TC-SEPM: Characterizing soft error resilience of CNNs on Tensor Cores from program and microarchitecture perspectives

Abstract

As an architectural CNN accelerator integrated into NVIDIA’s GPUs, existing research mainly focuses on improving the performance of Tensor Cores. However, the highly integrated Tensor Cores are vulnerable to transient faults (i.e., soft errors), causing catastrophic consequences in safety-critical applications like automatic driving. Thus, it is imperative to estimate the reliability of CNNs on Tensor Cores. However, obtaining a statistically significant resilience profile of CNNs on Tensor Cores with the existing fault injection (FI)-based reliability estimation methods is expensive.

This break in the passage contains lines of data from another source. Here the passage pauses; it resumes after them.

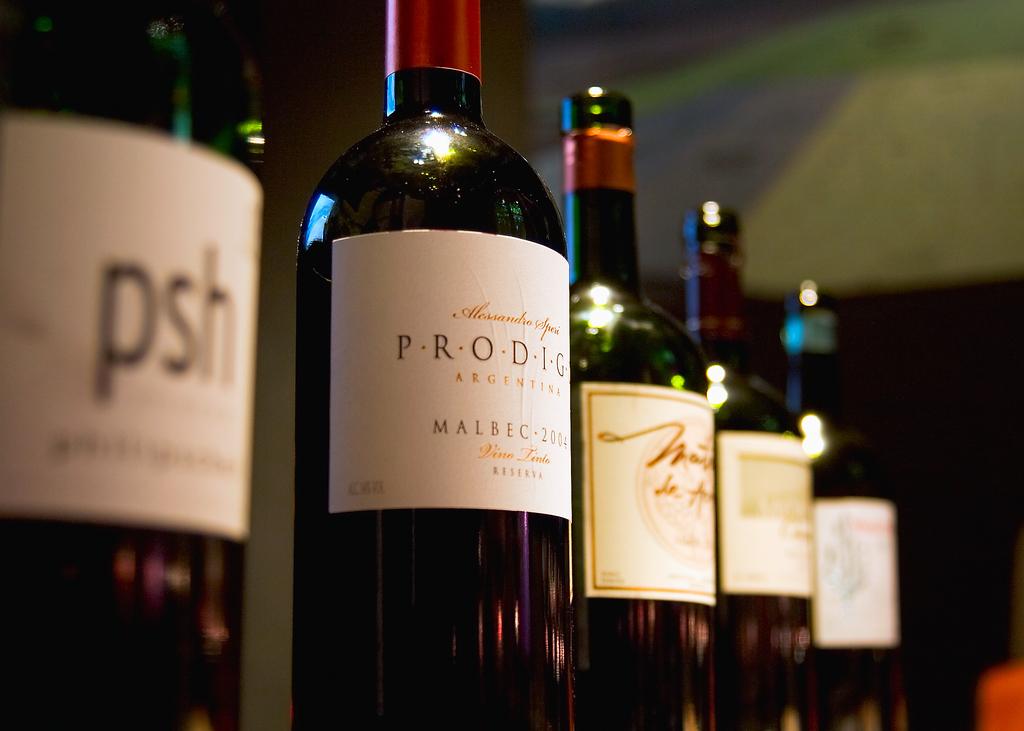What country is the prodigy wine from?
Keep it short and to the point. Argentina. What are the three letters on the label to the far left?
Give a very brief answer. Psh. 
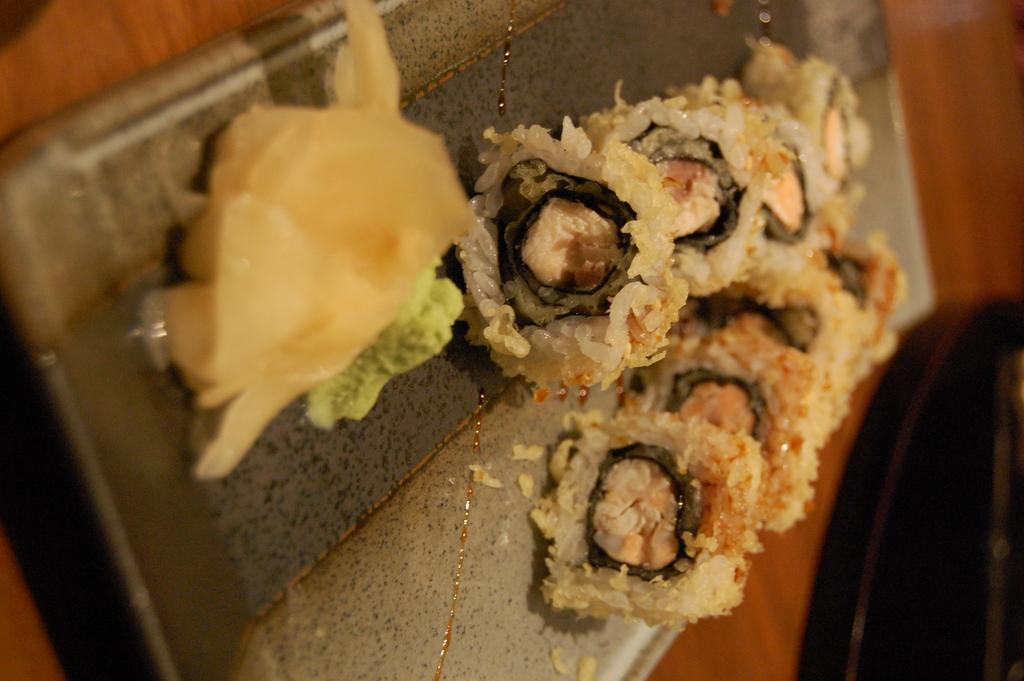What is the main piece of furniture in the image? There is a table in the image. What is placed on the table? There is a chopping board on the table. What type of food can be seen on the chopping board? There are sushi rolls on the chopping board. What type of discovery can be seen in the image? There is no discovery present in the image; it features a table with a chopping board and sushi rolls. What type of milk is being used to prepare the sushi rolls in the image? There is no milk present in the image, as sushi rolls are typically made with rice, seaweed, and various fillings. 
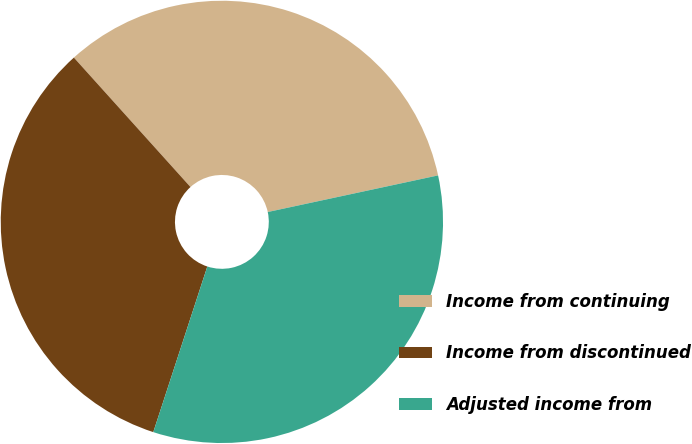Convert chart. <chart><loc_0><loc_0><loc_500><loc_500><pie_chart><fcel>Income from continuing<fcel>Income from discontinued<fcel>Adjusted income from<nl><fcel>33.3%<fcel>33.31%<fcel>33.39%<nl></chart>

To this end, we build TC-SEPM to predict the error resilience of CNNs on Tensor Cores instead of FI methods. To ensure the accuracy of TC-SEPM, we first investigate resilience-related features from program and microarchitecture perspectives. Then, leveraging these heuristic features, we train machine learning models to learn the hidden relationship between error resilience and the investigated features, enabling us to predict the impact of soft errors in Tensor Cores on CNN output. Experimental results show that TC-SEPM achieves high accuracy for individual soft error resiliency prediction and overall program resilience estimation while its overhead is only 1/27 of FI methods. Additionally, TC-SEPM can provide valuable insights for programmers or architects to design more robust CNN models on Tensor Cores.